I am trying to switch things up since I am new and trying to find what I like to shoot and gives me the best combo of speed and accuracy. I currently shoot on single shot pre made 15mmx22mm .7mm thick bands for 3/8 steel. What would be a comparable setup with their .5mm latex? Is this a good thickness for 3/8 steel or should I continue with the .7mm latex. I have some bulk .7 and .5 I am going to cut but wondering if anyone uses .5 for 3/8 steel.


----------



## cromag (Jan 17, 2021)

What is your draw length? I'm a new shooter as well but that combo would probably be giving me some hand slap.
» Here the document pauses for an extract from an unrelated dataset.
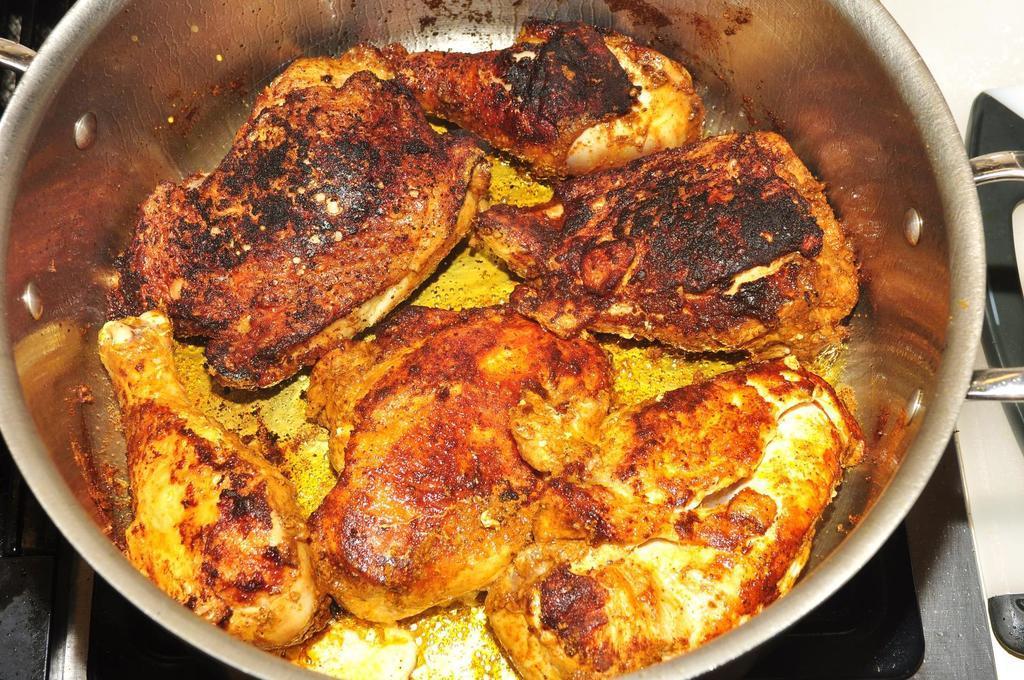Can you describe this image briefly? In the image we can see a container, in the container there is a food item.

I do pretty close to those dimensions with .6 and it works pretty well but also will depend on the material.


----------



## Harry Knuckles (Sep 28, 2020)

3/8 steel on .5 SSB is my favorite setup. I shoot a long draw, 65" with a 3/4" - 5/8" taper, a short draw will have considerably different results.


----------



## Nam11 (Mar 5, 2021)

My draw currently is 29” don’t think I will be trying a longer draw anytime soon. I figure get a good setup and then when I get a lot better try some longer draws. I was getting some hand slap with the original simple shot setup, but seems as the bands wore in a little that went away.


----------



## DragonEyeShooter1 (May 14, 2020)

If you're using .5 try a 3/4"-1/2" taper, i use BSB.55 and that set up works well for target shooting 3/8"steel


----------



## Palmettoflyer (Nov 15, 2019)

I’m a 29” too. BSB (Burning Skull Brand) .5mm cut 15-20 mm taper, 5.5 inch active length is a sweet setup for both 5/16 and 3/8 ammo. BSB is a little more stretchy than others and you have to shorten your normal length about a 1/2 inch.


----------



## Nam11 (Mar 5, 2021)

Thanks. I will try this.


----------



## StringSlap (Mar 2, 2019)

Palmettoflyer said:


> I'm a 29" too. BSB (Burning Skull Brand) .5mm cut 15-20 mm taper, 5.5 inch active length is a sweet setup for both 5/16 and 3/8 ammo. BSB is a little more stretchy than others and you have to shorten your normal length about a 1/2 inch.


Same with .55 100% Slingshot.


----------